A simplified way of remembering the distinctions between these concepts is that gender identity is who you go to bed as; gender expression is what you were wearing before you went to bed; sexuality is whom you tell others/yourself you go to bed with; sexual practice is whom you actually go to bed with; and sex assigned at birth is what you have between your legs when you are born (generally in a bed).

It is pivotal that medical providers understand that a person’s sex assigned at birth, gender identity, gender expression, sexuality, sexual practice, and romantic attraction can vary widely along a spectrum in each distinct category.² For example, the current social norm dictates that someone born with a penis and assigned male at birth (AMAB) will feel that he is male, dress in a masculine fashion, and be both sexually and romantically attracted to someone born with a vagina who was assigned female at birth (AFAB), feels that she is female, dresses femininely, and likewise is sexually and romantically attracted to him. One possible alternative reality is a person who was born with a vagina that was therefore AFAB that experiences a masculine gender identity while engaging in a feminine gender expression in order to conform to social norms. In addition, they may be sexually attracted to people whom they perceive to be feminine while engaging in sexual activity with people who were AMAB. Informed medical care for trans persons starts with the basic understanding that an individual’s gender identity may not necessarily align with their gender expression, sex assigned at birth, sexual attraction, or romantic attraction.

As obstetrician-gynecologists, we are tasked by the American College of Obstetricians and Gynecologists to provide nondiscriminatory care to all patients, regardless of gender identity.³ We must be careful not to assume that all of our patients are cisgender women who use “she/hers/her” pronouns. By simply asking patients what names or pronouns they would like us to use before initiating care, we become more sensitive to variations in gender identity. Many providers may feel uncertain about how to initiate or respond to this line of questioning. One way that health care practices can begin to respectfully access information around gender identity is to create intake forms that include more than two options for gender or to alter their office visit note templates to include a section that prompts the provider to include a discussion surrounding gender identity. By offering these opportunities for inclusion, we become more welcoming of gender minorities like transgender men seeking cervical cancer screening.

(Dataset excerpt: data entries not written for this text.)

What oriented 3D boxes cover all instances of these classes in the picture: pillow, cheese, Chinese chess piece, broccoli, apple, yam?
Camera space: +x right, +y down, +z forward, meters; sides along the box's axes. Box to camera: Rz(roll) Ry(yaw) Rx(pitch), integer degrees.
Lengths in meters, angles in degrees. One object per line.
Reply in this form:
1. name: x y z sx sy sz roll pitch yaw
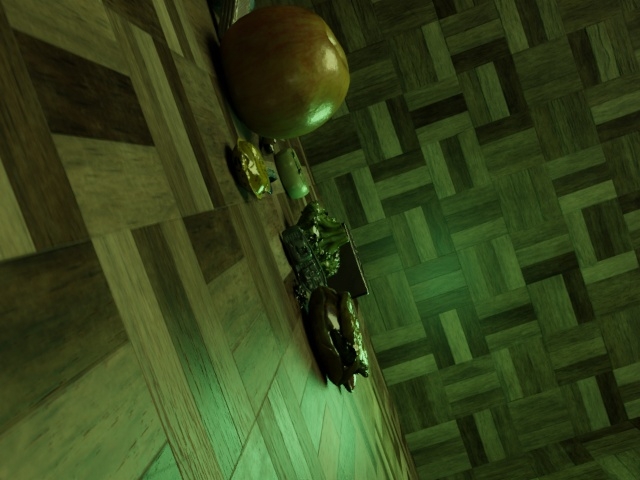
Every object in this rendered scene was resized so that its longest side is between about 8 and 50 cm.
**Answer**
1. pillow: 0.079 0.375 2.086 0.171 0.075 0.179 -89 160 -73
2. cheese: -0.160 -0.166 1.586 0.250 0.064 0.157 33 40 -75
3. Chinese chess piece: -0.103 -0.247 2.398 0.188 0.083 0.188 -22 90 -85
4. broccoli: -0.002 0.002 2.071 0.226 0.176 0.198 48 4 39
5. apple: -0.101 -0.487 1.869 0.391 0.346 0.392 -20 90 -80
6. yam: -0.183 -0.368 2.211 0.045 0.045 0.327 33 21 -23

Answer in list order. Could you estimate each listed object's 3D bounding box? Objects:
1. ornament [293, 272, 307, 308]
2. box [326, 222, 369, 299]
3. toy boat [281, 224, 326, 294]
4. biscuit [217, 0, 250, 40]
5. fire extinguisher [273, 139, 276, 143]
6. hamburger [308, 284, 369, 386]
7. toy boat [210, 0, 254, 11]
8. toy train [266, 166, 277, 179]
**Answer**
1. ornament: -0.053 0.151 1.796 0.125 0.028 0.073 -103 172 -61
2. box: 0.049 0.094 2.235 0.153 0.188 0.252 22 47 -80
3. toy boat: -0.040 0.075 1.916 0.085 0.078 0.261 47 -17 58
4. biscuit: -0.267 -0.726 2.046 0.108 0.061 0.239 22 75 -73
5. fire extinguisher: -0.183 -0.403 2.391 0.046 0.032 0.100 -19 96 -74
6. hamburger: 0.048 0.271 1.865 0.265 0.134 0.285 -101 176 -67
7. toy boat: -0.334 -0.853 2.175 0.330 0.123 0.215 -19 93 -73
8. toy train: -0.157 -0.183 1.812 0.207 0.043 0.047 -33 103 -84

There are a number of reasons that trans persons have limited access to the health care system, but the greatest barrier reported by transgender patients is the paucity of knowledgeable providers.⁴Learning the common terminology used by the trans population is a logical first step for physicians seeking to provide more affirming care to an already marginalized patient population. Familiarity with this terminology normalizes the idea of gender diversity and subsequently reduces the risk of providers making assumptions about patients that contributes to suboptimal care.

Dr. Joyner is an assistant professor at Emory University, Atlanta, and is the director of gynecologic services in the Gender Center at Grady Memorial Hospital in Atlanta. Dr. Joyner identifies as a cisgender female and uses she/hers/her as her personal pronouns. Dr. Joey Bahng is a PGY-1 resident physician in Emory University’s gynecology & obstetrics residency program. Dr. Bahng identifies as nonbinary and uses they/them/their as their personal pronouns. Dr. Joyner and Dr. Bahng reported no financial disclosures.

1. Lancet. 2016 Jul 23;388(10042):390-400.

2. www.genderbread.org/resource/genderbread-person-v4-0.

3. Obstet Gynecol. 2011 Dec;118(6):1454-8.

4. Curr Opin Endocrinol Diabetes Obes. 2016 Apr 1;23(2):168-71.